The mathematical modelling of the behavior may attribute an aspect to the particle (in this case the photon) which is actually the resultant effect on the second particle (e.g. the electron). For example (hypothetical example), as an inter-particle effect, the photon could have a single field which produces two effects on the other particle (e.g. an electron). Noting the similarity between the signs of the Fuv matrix elements and the four dimensional torsion matrix of a gyroscope is suggestive that given particle spin, the E is potentially an in-plane (spin) gyroscopic action and the B effect a plane-normal gyroscopic reaction. Thus hypothetically the E,B effects are not two fields but two resultants of a single field.

Which brings us back to the question, "Can you say conclusively that the Maxwell equation photon solution (EM wave description) or QFT version; 1) represents the photon or 2) represents the interaction (inter-particle) effect of the photon."

But if the mathematical model (QFT or Maxwell's) is not a model of the photon but of its effects on the particle this goes to the heart of the question "What does a single photon look like?"

The answer is we don't and can't know from the present models.

but than we don't need an argument about how e/m theory was discussed 100 years ago, but one about QFT..

Does QFT tell us anything more about the photon than we knew 100 years ago? QFT can't tell use anything fundamentally true about the nature of the photon as it can not answer the question, does the photon in QFT ; 1) represents the photon or 2) represents the interaction (inter-particle) effect of the photon.
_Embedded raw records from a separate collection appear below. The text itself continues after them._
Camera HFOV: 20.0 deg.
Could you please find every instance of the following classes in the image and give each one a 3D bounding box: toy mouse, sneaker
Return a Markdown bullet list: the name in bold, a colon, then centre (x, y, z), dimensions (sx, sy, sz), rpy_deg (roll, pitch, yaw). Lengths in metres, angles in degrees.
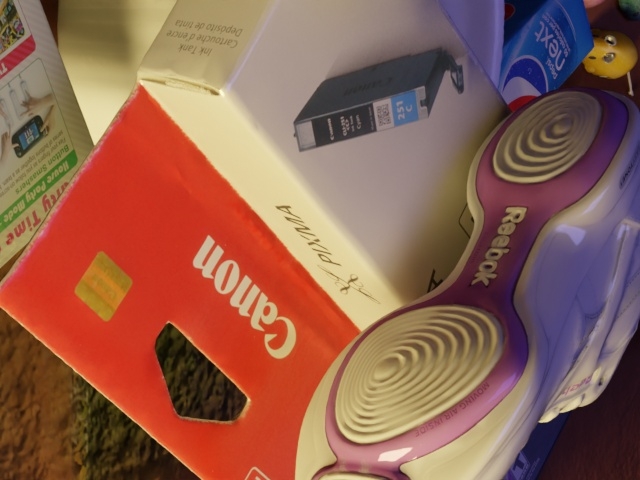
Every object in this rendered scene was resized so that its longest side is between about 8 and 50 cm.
- **toy mouse**: centre (0.239, -0.204, 1.454), dimensions (0.161, 0.031, 0.143), rpy_deg (17, 82, -52)
- **sneaker**: centre (0.102, 0.066, 0.937), dimensions (0.305, 0.114, 0.152), rpy_deg (-53, 135, -27)

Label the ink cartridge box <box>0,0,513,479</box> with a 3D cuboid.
- **ink cartridge box**: centre (0.000, 0.000, 0.939), dimensions (0.296, 0.066, 0.261), rpy_deg (49, 63, -46)

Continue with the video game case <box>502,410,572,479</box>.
- **video game case**: centre (0.140, 0.046, 1.379), dimensions (0.196, 0.026, 0.274), rpy_deg (-58, 137, -28)

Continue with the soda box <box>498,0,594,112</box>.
- **soda box**: centre (0.109, -0.110, 1.273), dimensions (0.210, 0.071, 0.067), rpy_deg (-47, 130, -36)

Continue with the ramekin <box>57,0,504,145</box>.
- **ramekin**: centre (-0.023, -0.123, 1.052), dimensions (0.277, 0.135, 0.277), rpy_deg (-11, 104, -50)

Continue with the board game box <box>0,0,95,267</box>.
- **board game box**: centre (-0.235, -0.101, 0.798), dimensions (0.224, 0.097, 0.303), rpy_deg (-48, 132, -43)

That is to say that in 100 years of effort we still cann't answer the question "What does a single photon look like?"

What's the difference? ......But in the end it doesn't matter..

If it doesn't matter, then why does the question still arise?

Why when the question is asked, do not those who are knowledgeable just simply explain/admit that the present mathematical models can not tell us what the photon looks like.

said:
"What does a single photon look like?",

The answer is, after 100 years of theoretical developement, we haven't got a clue.

But we have a great model of its inter-particle behavioral effects.